The court may be able to appoint professionals such as lawyers and social workers to make decisions on behalf of a mentally incapacitated person, if amendments to the Mental Capacity Act are approved.
It is one of three key changes that the Ministry of Social and Family Development (MSF) is proposing in a public consultation from now till Dec 28.
According to a statement yesterday, the MSF also wants input on the circumstances in which the court can revoke deputyship or lasting power of attorney (LPA).
A deputy is a court-appointed person who makes decisions on behalf of someone who has lost mental capacity, while an LPA is a legal instrument to allow someone to act on a person's behalf if the latter loses mental capacity.
These nominated persons are also called donees.
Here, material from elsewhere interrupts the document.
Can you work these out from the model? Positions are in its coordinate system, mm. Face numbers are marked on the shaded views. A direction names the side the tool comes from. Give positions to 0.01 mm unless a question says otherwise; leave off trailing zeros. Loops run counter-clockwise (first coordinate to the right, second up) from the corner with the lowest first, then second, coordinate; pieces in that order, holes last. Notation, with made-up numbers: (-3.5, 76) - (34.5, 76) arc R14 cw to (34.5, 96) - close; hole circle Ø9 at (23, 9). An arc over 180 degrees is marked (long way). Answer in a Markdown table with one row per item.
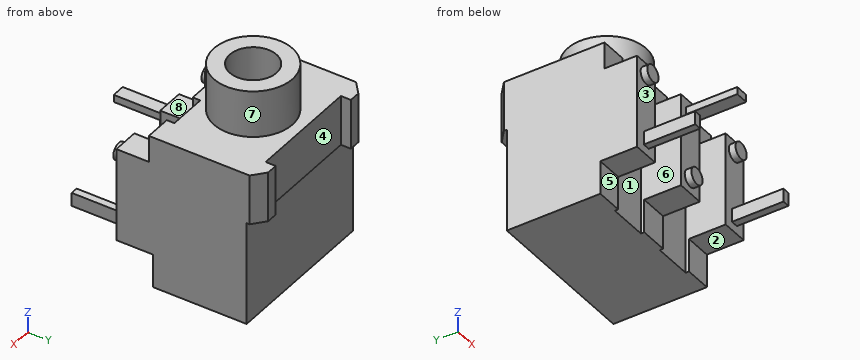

Lastly, the MSF wants to know where the public stands on whether or not to allow the court to temporarily suspend powers of a donee or deputy before anyone lodges a formal complaint .
For example, social workers may be able to raise red flags to the courts if they suspect that a donee or deputy is not acting in their charges' best interests.
During the public consultation, the MSF will iron out the finer details of how the court could or should intervene when necessary.
A spokesman said: "Over the years, MSF has received useful feedback from the public... on how the Act's provisions can be refined to better serve and protect the dignity and interests of individuals who lack mental capacity."
Interested members of the public can log on to the Government's e-consultation portal Reach to give their take on the matter.